GULF OF MEXICO — With looming legal deadlines related to the 2010 BP oil spill, dozens of shrimp processors along the Gulf Coast face a difficult dilemma, with either decision having the potential to jeopardize the future of their businesses and the region’s seafood industry, according to a leading trade association.
All pending claims for damages related to the oil spill have been consolidated into a class-action settlement, even for those who have not filed a lawsuit against BP. A hearing to consider motions objecting to the fairness of the terms is scheduled for Nov. 8, seven days after the deadline to opt out of the settlement.
The American Shrimp Processors Association, representing companies accounting for 85 percent of the shrimp processed from the Gulf of Mexico, has seen its members struggle as the claims process has dragged on.
“The progress we made in educating BP, then its accounting firm, then the Gulf Coast Claims Facility about our role in the seafood supply chain is not reflected in the class-action settlement terms.” said David Veal, ASPA executive director.

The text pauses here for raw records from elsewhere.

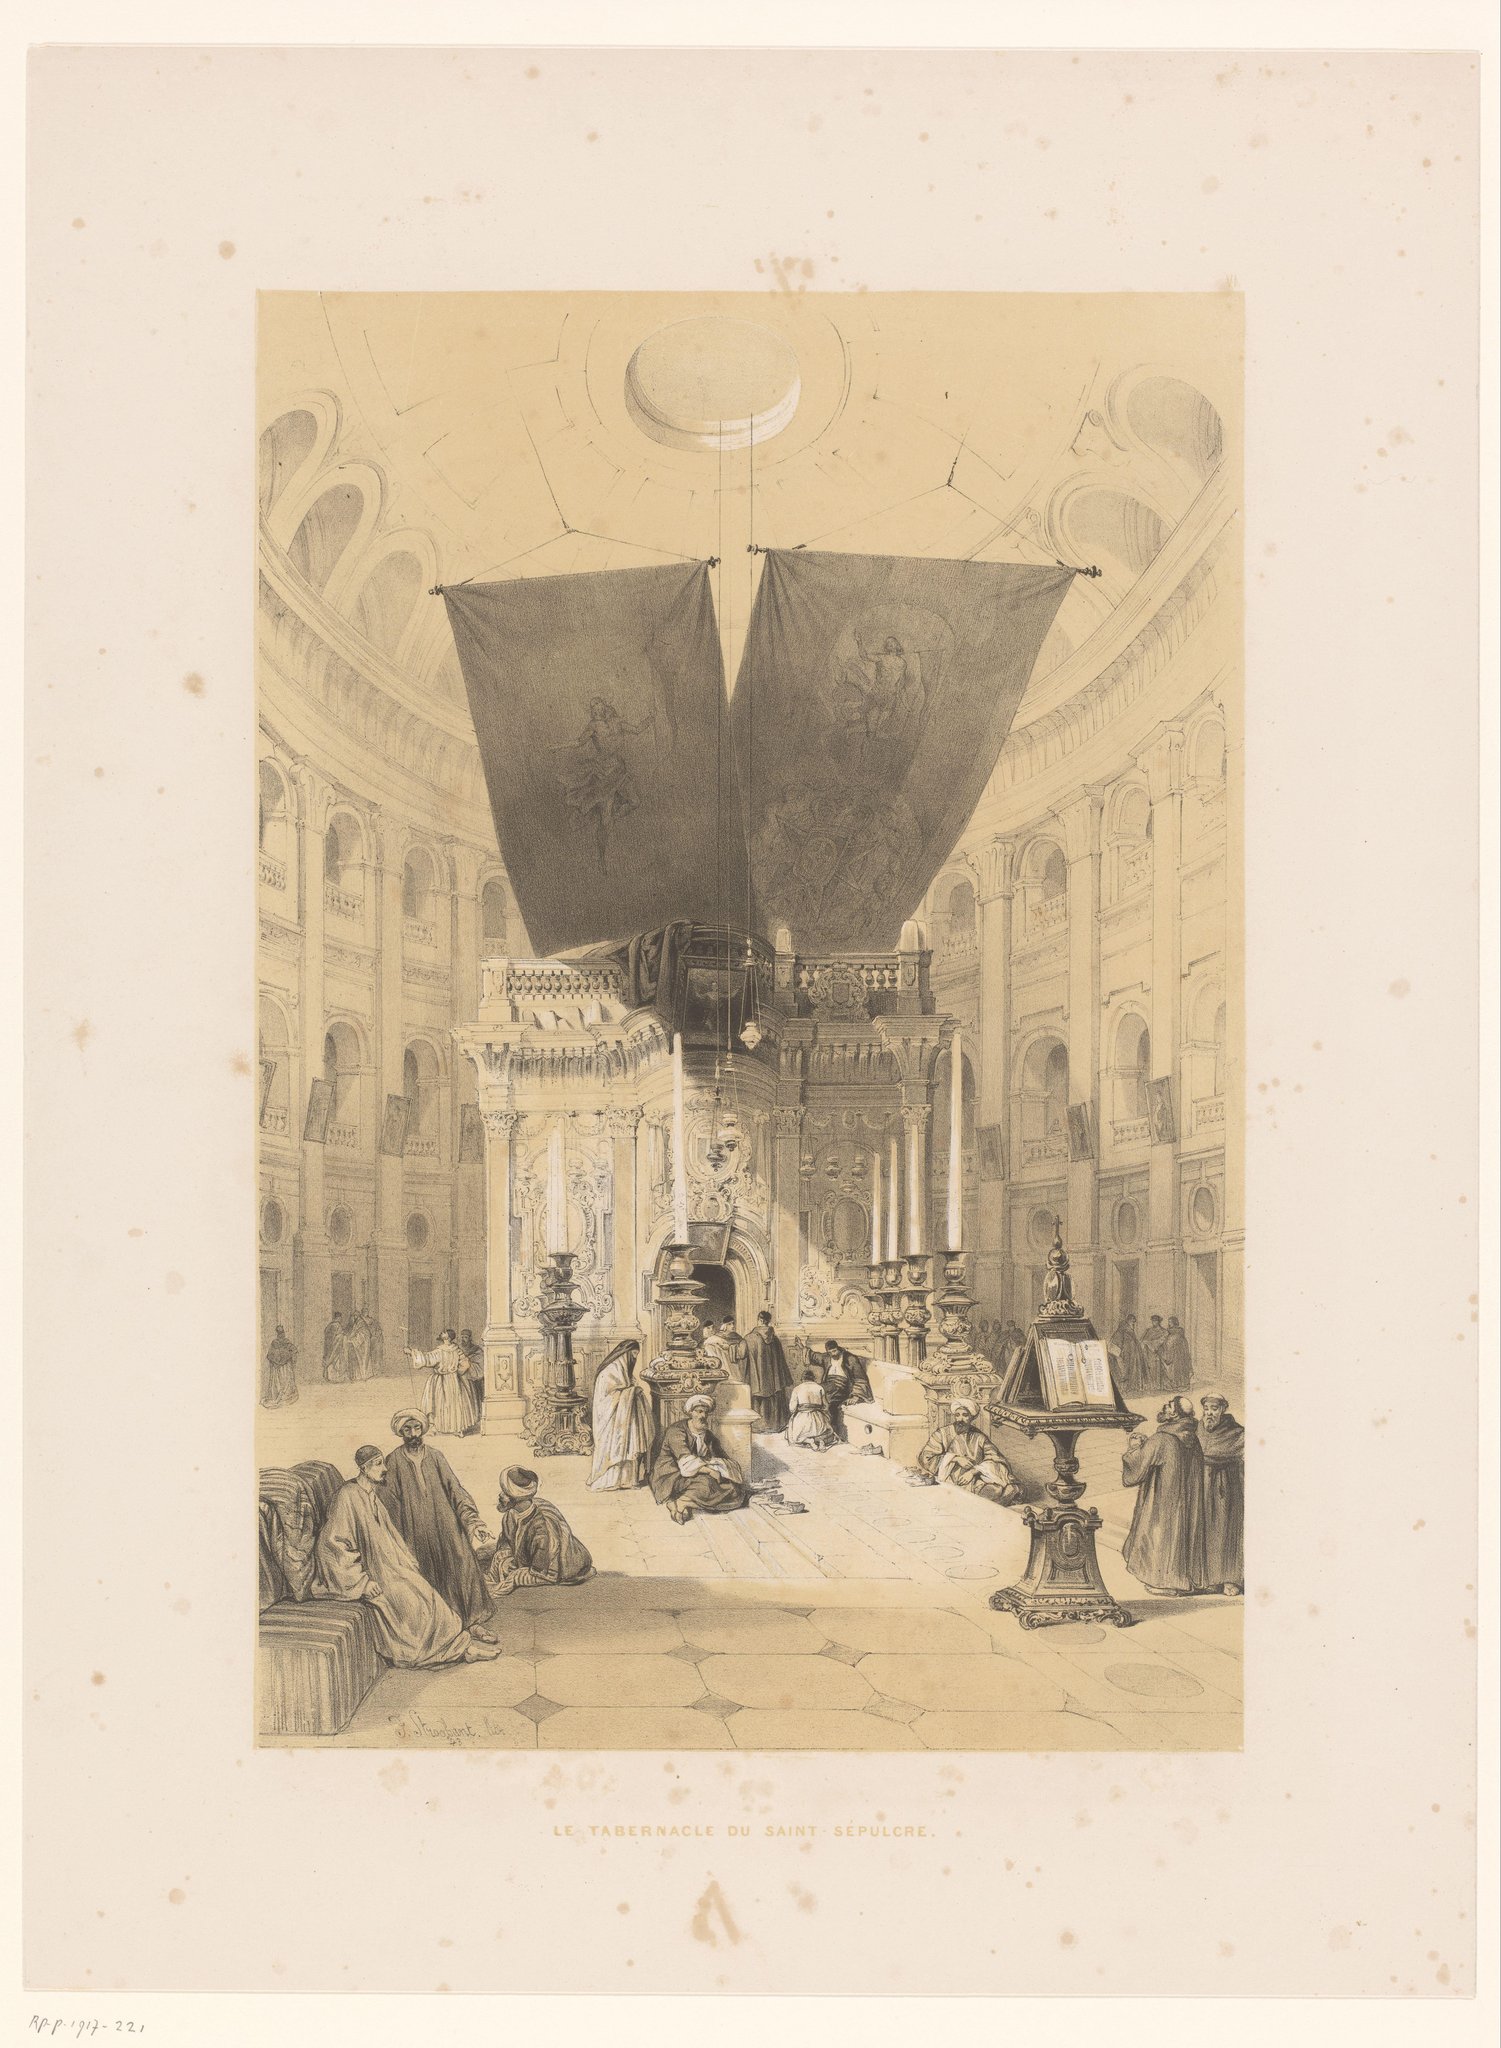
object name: print
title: La terre sainte. Vues & monuments
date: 1852
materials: paper
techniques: tone lithography
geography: brussels
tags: interior of church, tabernacle ~ altar, public worship and liturgy of the christian churches
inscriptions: collector's mark: Lugt 2228
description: Jules Géruzet maakt in 1852 een heruitgave van het Belgische werk 'La terre sainte. Vues et monuments recueillis par David Roberts de l'Académie de Londres' dat tussen 1843-1845 wordt gedrukt door J. Lots en waarvan de prenten, op verzoek van de Société des Beaux-Arts, door Ghemar en Stroobant worden uitgevoerd naar werken van Haghe.
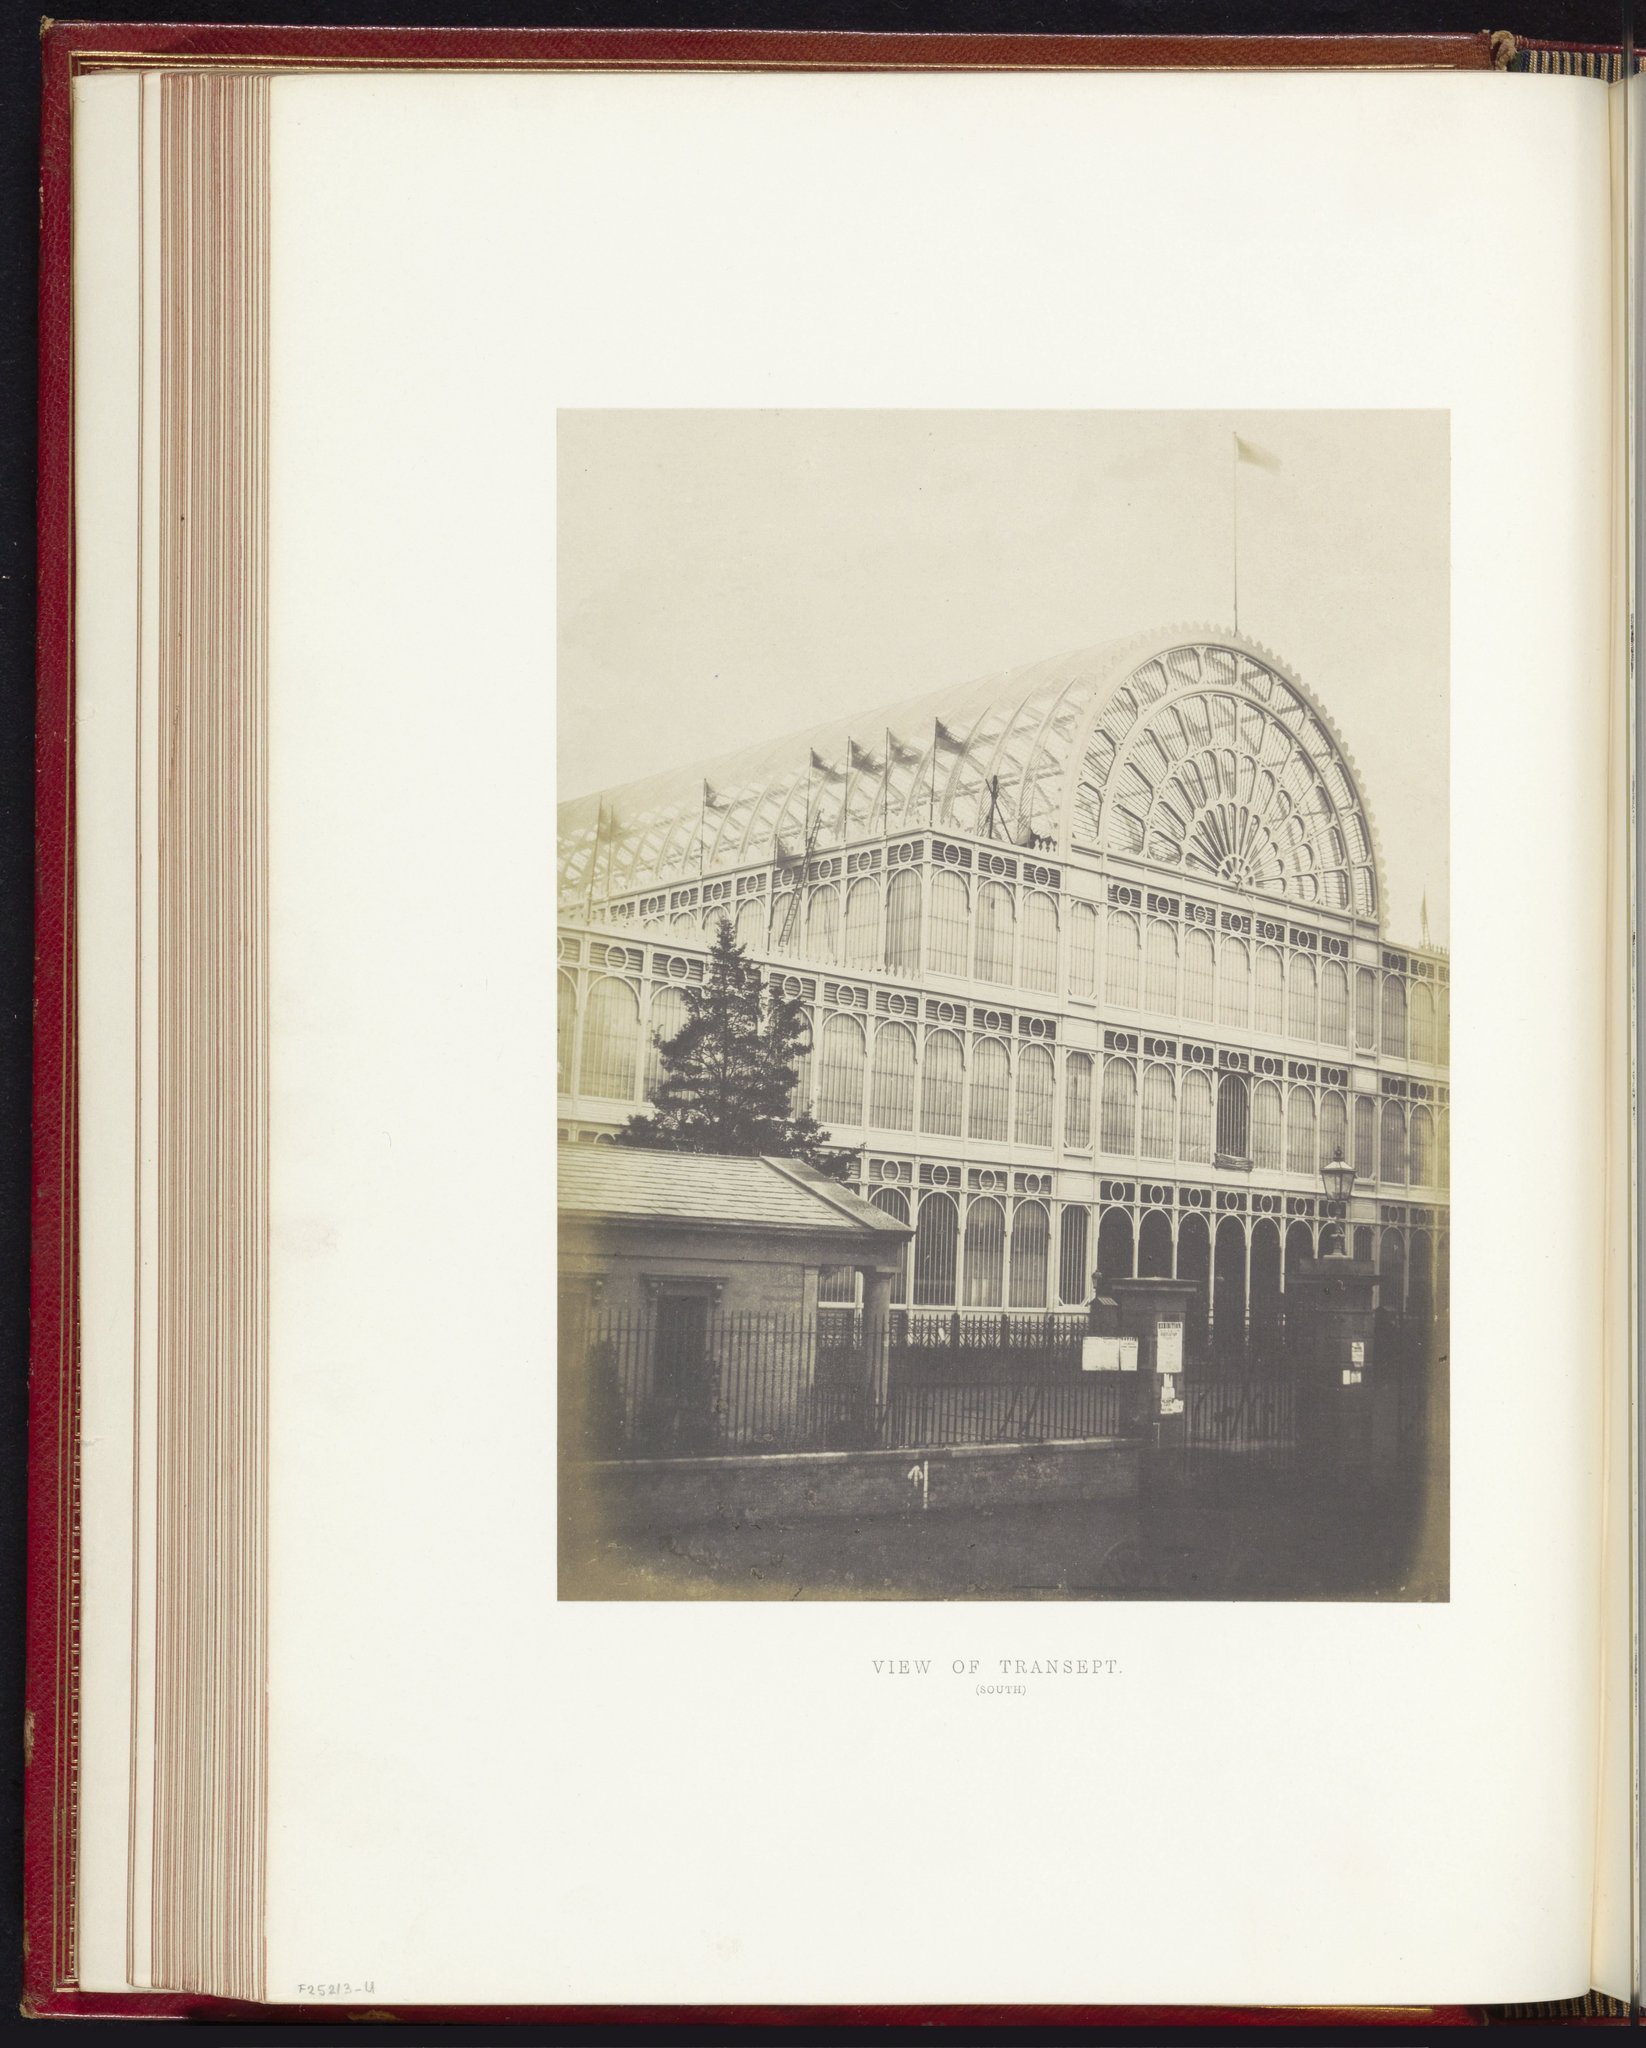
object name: page
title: Gezicht op het Crystal Palace in Londen tijdens de Great Exhibition of the Works of Industry of All Nations in 1851
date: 1851
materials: photographic support
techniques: salted paper print
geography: london
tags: world fair, world exhibition

The class-action settlement excludes processors from the Seafood Compensation Program, which uses a different formula and series of assumptions to evaluate damages. Processors have instead been grouped with retail stores, restaurants and other non-seafood businesses.
Basing the claims settlement process on the mistaken assumption that seafood processors share similar losses and future risks as retail stores and restaurants, and subsequent delays in reimbursement may threaten the shrimp processing industry more than the actual oil spill.
“The difference in relative compensation between the groups inside the Seafood Compensation Program and those seafood businesses outside the Program is vast and could create industry damage beyond the oil spill itself,” Veal said.